• ASSIGNMENT: Your answer should be only the lines below from the one with "3) car <box>263,199,383,284</box>" to the one with "10) car <box>159,211,233,268</box>", repeated exactly, ends included.

• SOURCE INFORMATION:
════
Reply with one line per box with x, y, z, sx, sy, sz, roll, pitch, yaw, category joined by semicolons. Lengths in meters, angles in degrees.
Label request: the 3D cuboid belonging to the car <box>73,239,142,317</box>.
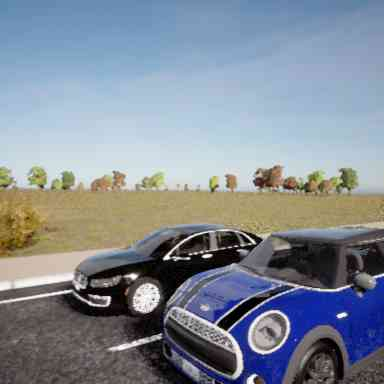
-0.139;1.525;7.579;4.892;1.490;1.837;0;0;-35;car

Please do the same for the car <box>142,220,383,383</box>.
════
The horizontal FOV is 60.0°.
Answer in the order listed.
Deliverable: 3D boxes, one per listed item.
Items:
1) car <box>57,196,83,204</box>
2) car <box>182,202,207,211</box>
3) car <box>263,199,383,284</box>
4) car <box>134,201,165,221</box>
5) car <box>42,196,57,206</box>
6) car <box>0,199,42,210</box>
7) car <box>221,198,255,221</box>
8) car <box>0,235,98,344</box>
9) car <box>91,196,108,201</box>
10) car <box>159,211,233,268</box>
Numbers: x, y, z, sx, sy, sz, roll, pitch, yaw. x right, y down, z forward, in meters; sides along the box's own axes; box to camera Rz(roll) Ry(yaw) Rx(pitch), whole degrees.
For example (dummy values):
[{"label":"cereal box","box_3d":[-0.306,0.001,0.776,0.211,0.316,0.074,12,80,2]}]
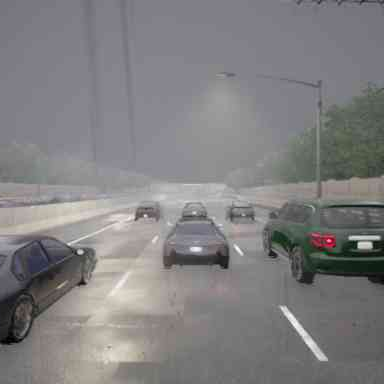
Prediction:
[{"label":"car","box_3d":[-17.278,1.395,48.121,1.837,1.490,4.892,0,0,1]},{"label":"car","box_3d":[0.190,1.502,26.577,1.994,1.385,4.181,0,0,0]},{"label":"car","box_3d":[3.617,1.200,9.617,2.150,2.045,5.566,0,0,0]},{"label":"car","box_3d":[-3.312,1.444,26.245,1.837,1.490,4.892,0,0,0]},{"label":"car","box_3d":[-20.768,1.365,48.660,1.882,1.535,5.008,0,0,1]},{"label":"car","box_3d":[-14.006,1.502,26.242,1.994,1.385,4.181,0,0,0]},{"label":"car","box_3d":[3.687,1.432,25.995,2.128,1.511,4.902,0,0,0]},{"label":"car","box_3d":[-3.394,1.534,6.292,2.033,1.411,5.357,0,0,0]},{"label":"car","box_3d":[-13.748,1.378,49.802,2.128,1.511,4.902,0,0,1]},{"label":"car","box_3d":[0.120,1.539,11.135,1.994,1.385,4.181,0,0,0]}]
════
• EXERCISE OUTPUT:
3) car <box>263,199,383,284</box>
4) car <box>134,201,165,221</box>
5) car <box>42,196,57,206</box>
6) car <box>0,199,42,210</box>
7) car <box>221,198,255,221</box>
8) car <box>0,235,98,344</box>
9) car <box>91,196,108,201</box>
10) car <box>159,211,233,268</box>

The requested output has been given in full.